6 La. App. 374, 1926 La. App. LEXIS 444
CourtLouisiana Court of Appeal
DecidedNovember 6, 1926
DocketNo. 2085
StatusPublished

This text of 6 La. App. 374 (Cook v. City of Shreveport) is published on Counsel Stack Legal Research, covering Louisiana Court of Appeal primary law. Counsel Stack provides free access to over 12 million legal documents including statutes, case law, regulations, and constitutions.

Bluebook
Cook v. City of Shreveport, 6 La. App. 374, 1926 La. App. LEXIS 444 (La. Ct. App. 1926).

Opinion

WEBB, J.

The city of Shreveport, acting through its constituted officers, and under a petition of the required number of property owners, requesting that a certain alley or street be paved under Act No. 187 of 1920, and amendments thereto, ordered the paving to be done under the provisions of said Act.

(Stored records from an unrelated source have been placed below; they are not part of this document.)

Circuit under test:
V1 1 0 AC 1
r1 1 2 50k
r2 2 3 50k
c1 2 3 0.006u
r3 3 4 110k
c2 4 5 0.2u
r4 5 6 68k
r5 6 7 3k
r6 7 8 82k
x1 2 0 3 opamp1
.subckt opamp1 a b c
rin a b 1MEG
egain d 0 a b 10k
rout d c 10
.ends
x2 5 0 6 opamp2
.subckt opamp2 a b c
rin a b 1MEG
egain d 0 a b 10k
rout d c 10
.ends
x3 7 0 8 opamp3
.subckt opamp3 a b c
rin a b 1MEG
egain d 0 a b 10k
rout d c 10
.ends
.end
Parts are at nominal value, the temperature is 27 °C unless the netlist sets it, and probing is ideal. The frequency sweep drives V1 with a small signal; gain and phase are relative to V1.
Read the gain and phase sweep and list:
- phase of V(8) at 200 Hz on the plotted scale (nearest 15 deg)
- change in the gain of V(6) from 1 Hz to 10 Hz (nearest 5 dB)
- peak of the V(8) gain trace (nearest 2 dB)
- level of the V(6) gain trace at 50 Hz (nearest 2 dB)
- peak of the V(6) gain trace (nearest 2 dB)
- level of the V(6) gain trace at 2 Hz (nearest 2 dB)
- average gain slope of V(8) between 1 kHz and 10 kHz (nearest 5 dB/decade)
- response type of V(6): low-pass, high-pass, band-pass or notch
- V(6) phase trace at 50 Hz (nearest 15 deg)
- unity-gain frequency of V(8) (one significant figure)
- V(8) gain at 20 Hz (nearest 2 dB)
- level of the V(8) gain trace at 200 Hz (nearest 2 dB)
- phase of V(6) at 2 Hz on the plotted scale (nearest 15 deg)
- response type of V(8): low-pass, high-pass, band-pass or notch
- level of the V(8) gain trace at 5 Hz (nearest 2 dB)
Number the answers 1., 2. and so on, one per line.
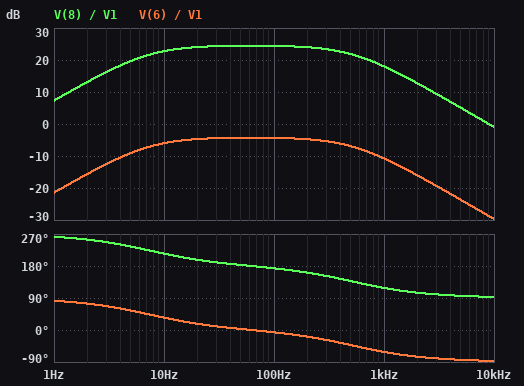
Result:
1. 165 deg
2. 15 dB
3. 24 dB
4. -4 dB
5. -4 dB
6. -16 dB
7. -20 dB/decade
8. band-pass
9. 0 deg
10. 9 kHz
11. 24 dB
12. 24 dB
13. 75 deg
14. band-pass
15. 20 dB
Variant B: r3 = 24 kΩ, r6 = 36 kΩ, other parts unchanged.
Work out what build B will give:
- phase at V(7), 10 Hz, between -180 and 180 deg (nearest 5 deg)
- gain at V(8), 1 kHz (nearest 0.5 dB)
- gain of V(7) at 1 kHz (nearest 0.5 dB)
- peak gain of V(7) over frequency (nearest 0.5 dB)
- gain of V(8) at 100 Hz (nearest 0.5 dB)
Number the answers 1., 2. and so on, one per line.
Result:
1. -110 deg
2. 24.0 dB
3. -56.0 dB
4. -50.0 dB
5. 30.0 dB
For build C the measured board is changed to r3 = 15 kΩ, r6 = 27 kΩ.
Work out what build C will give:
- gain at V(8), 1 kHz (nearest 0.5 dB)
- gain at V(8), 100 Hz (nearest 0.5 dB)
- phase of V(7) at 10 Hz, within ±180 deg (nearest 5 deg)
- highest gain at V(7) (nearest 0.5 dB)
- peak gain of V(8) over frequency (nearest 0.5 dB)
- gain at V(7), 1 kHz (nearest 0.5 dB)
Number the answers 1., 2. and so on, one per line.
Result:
1. 25.5 dB
2. 31.0 dB
3. -100 deg
4. -48.5 dB
5. 31.5 dB
6. -54.5 dB
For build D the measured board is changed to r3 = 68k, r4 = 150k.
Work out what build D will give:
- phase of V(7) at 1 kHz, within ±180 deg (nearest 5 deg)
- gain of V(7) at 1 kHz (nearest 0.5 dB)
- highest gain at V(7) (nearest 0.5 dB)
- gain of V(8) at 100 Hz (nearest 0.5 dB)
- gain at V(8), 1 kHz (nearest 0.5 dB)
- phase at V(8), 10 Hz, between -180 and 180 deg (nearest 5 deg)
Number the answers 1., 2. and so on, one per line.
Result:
1. 120 deg
2. -51.0 dB
3. -44.5 dB
4. 35.5 dB
5. 29.0 dB
6. -130 deg
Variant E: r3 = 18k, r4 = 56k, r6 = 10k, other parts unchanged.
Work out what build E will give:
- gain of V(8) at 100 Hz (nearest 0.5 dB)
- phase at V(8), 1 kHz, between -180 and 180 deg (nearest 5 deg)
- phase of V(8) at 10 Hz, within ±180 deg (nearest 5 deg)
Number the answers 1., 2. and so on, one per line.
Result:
1. 19.5 dB
2. 120 deg
3. -105 deg
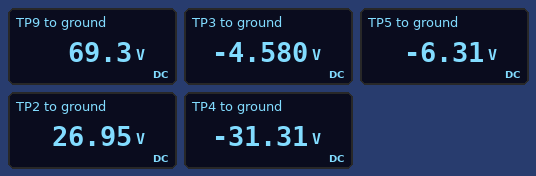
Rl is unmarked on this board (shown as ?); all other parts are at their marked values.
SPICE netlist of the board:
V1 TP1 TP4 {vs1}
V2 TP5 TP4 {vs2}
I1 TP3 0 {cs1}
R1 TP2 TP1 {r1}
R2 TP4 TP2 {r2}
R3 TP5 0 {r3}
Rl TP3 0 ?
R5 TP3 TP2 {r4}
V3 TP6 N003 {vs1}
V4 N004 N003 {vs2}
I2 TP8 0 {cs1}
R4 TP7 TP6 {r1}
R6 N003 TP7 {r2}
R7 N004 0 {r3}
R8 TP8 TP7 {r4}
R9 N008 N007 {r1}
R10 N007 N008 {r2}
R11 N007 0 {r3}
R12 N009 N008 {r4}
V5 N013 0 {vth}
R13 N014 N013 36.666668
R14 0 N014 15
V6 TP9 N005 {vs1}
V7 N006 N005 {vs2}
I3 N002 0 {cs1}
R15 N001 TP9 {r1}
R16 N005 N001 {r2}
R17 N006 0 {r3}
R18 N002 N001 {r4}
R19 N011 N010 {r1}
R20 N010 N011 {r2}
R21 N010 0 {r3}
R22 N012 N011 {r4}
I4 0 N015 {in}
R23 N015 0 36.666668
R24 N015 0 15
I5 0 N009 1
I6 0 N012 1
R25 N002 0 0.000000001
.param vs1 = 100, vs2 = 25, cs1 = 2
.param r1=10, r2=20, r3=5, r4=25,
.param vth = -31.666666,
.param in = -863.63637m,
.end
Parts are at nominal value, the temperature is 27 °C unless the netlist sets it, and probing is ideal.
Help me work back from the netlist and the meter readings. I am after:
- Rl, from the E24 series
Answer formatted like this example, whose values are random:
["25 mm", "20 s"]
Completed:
["6.2 Ω"]
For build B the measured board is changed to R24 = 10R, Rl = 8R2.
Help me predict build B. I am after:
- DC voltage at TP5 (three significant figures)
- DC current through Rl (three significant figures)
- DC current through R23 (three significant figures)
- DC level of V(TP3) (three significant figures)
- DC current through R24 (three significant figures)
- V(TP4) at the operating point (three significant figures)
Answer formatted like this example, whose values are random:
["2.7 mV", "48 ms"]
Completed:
["-6.47 V", "706 mA", "185 mA", "-5.79 V", "679 mA", "-31.5 V"]
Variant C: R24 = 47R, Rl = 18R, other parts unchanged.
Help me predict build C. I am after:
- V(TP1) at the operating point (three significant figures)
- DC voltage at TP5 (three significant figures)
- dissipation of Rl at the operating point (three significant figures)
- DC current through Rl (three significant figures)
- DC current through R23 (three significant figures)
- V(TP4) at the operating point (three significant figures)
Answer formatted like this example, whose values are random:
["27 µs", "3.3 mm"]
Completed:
["67.9 V", "-7.10 V", "6.04 W", "579 mA", "485 mA", "-32.1 V"]
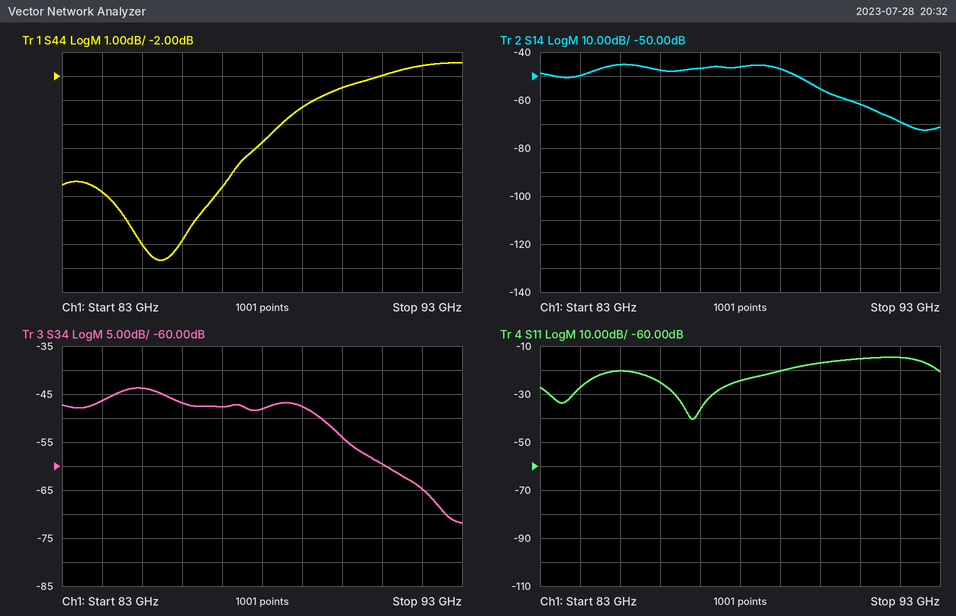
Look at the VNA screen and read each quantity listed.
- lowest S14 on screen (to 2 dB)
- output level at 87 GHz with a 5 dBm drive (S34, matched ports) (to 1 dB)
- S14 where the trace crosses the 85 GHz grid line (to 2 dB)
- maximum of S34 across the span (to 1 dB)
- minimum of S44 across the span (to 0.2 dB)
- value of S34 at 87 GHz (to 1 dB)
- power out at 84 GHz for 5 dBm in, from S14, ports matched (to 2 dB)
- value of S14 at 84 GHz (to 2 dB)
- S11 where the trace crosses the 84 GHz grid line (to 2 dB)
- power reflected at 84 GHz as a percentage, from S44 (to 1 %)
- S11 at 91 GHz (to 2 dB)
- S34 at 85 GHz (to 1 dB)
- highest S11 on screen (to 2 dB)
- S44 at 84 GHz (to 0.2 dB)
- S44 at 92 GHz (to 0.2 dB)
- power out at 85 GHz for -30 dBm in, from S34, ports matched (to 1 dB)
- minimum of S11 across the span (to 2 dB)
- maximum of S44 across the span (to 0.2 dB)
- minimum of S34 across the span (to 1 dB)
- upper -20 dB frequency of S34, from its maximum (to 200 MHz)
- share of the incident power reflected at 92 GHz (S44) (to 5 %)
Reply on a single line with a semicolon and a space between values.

-72 dB; -43 dBm; -46 dB; -44 dB; -9.6 dB; -48 dB; -44 dBm; -50 dB; -28 dB; 21 %; -16 dB; -44 dB; -14 dB; -6.8 dB; -1.6 dB; -74 dBm; -40 dB; -1.4 dB; -72 dB; 91.8 GHz; 70 %
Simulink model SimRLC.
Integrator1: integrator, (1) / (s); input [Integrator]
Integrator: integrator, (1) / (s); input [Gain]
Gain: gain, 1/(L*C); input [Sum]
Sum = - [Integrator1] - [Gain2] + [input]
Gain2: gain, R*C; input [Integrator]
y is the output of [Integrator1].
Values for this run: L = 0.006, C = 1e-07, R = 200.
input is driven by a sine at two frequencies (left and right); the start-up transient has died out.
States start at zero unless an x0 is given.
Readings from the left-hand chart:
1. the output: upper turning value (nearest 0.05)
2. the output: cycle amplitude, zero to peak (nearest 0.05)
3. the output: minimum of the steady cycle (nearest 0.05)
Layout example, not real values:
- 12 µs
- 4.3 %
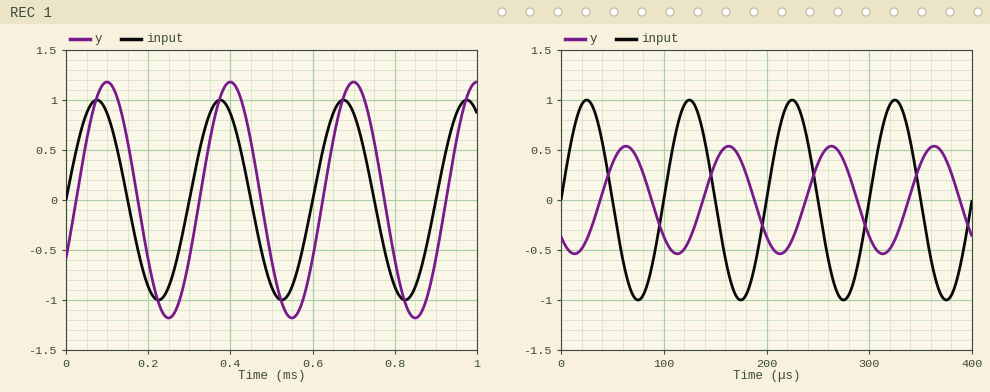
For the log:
- 1.20
- 1.20
- -1.20
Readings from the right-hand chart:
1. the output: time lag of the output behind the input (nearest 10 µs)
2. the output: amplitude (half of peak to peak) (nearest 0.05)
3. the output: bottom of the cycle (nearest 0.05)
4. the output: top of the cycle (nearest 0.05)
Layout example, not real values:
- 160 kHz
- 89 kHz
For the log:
- 40 µs
- 0.55
- -0.55
- 0.55
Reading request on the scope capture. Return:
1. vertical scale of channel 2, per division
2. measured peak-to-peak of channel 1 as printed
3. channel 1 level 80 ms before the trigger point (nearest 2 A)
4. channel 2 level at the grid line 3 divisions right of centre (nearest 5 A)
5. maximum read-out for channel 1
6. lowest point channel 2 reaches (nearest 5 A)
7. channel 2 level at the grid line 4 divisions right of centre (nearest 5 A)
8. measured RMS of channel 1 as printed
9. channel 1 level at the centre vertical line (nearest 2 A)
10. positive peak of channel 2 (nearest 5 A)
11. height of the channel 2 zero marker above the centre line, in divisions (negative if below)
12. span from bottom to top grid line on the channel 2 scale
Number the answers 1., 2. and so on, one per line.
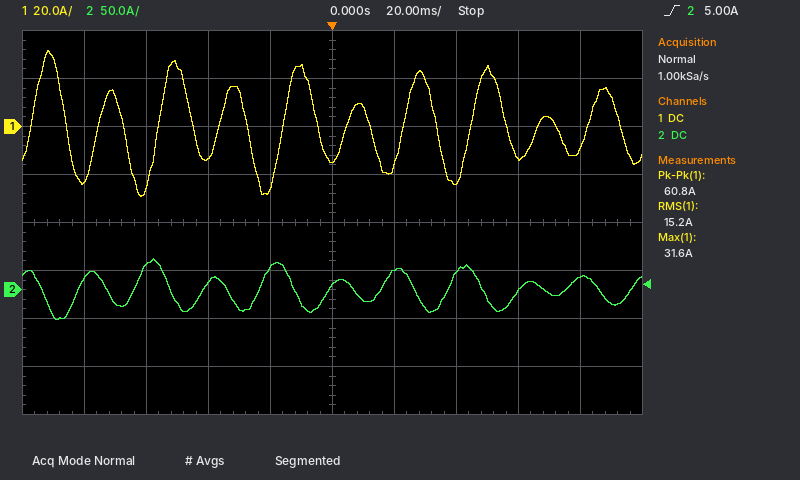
1. 50 A
2. 60.8 A
3. -22 A
4. 0 A
5. 31.6 A
6. -30 A
7. 15 A
8. 15.2 A
9. -14 A
10. 30 A
11. -1.4 div
12. 400 A
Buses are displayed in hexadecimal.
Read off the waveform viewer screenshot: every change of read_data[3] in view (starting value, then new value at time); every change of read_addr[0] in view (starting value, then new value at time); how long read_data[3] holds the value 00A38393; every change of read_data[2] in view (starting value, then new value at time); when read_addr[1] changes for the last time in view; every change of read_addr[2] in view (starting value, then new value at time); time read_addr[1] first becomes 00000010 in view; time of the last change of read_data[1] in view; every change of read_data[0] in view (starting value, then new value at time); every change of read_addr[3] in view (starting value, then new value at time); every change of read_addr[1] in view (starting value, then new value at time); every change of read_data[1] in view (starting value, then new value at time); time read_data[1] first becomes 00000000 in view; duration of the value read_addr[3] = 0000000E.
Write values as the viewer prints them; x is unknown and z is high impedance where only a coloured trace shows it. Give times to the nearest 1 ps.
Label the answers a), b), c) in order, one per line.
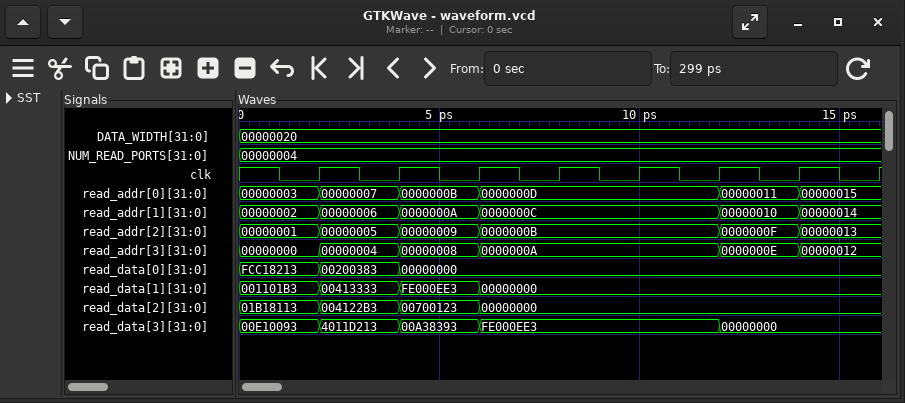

The Act provides for the payment for the work by the abutting owners and for the time and manner of payment as follows:

“Sec. 5. Be it further enacted, etc., That the amounts assessed in said ordinance shall be due and exigible immediately upon its passage, and if not paid within ten days thereafter the city or town, or its transferees, shall have power to proceed by suit against the assessed properties, and the owners thereof, to enforce the collection of the amounts of said assessment, together with six per cent per annum interest from date of acceptance thereof and ten per cent of the amount of the judgment as attorney’s fees.
“Sec. 6. Be it further enacted, etc., That the governing authorities of the municipality may provide in the ordinance accepting the work and making the assessment that the property owners therein assessed, availing themselves of the privilege within ten days after the passage of the ordinance, may pay in cash twenty per cent of the amount of their indebtedness and pay the balance thereof in four equal annual installments. As evidence of such deferred payments the property owner shall sign and execute four promissory notes payable to the order of the municipality, each for twenty per cent of the amount due by him, dated ten days after the passage of the ordinance accepting the work, maturing, respectively, one, two, three and four years from date, or sooner, at the option of the owner, bearing six per cent yearly interest from date and ten per cent attorney’s fees if placed in the hands of an attorney for collection after maturity, which notes, when paraphed by the city clerk or secretary to identify them with the ordinance levying the assessment, shall carry with them in the possession of any owner the lien and privilege above provided.”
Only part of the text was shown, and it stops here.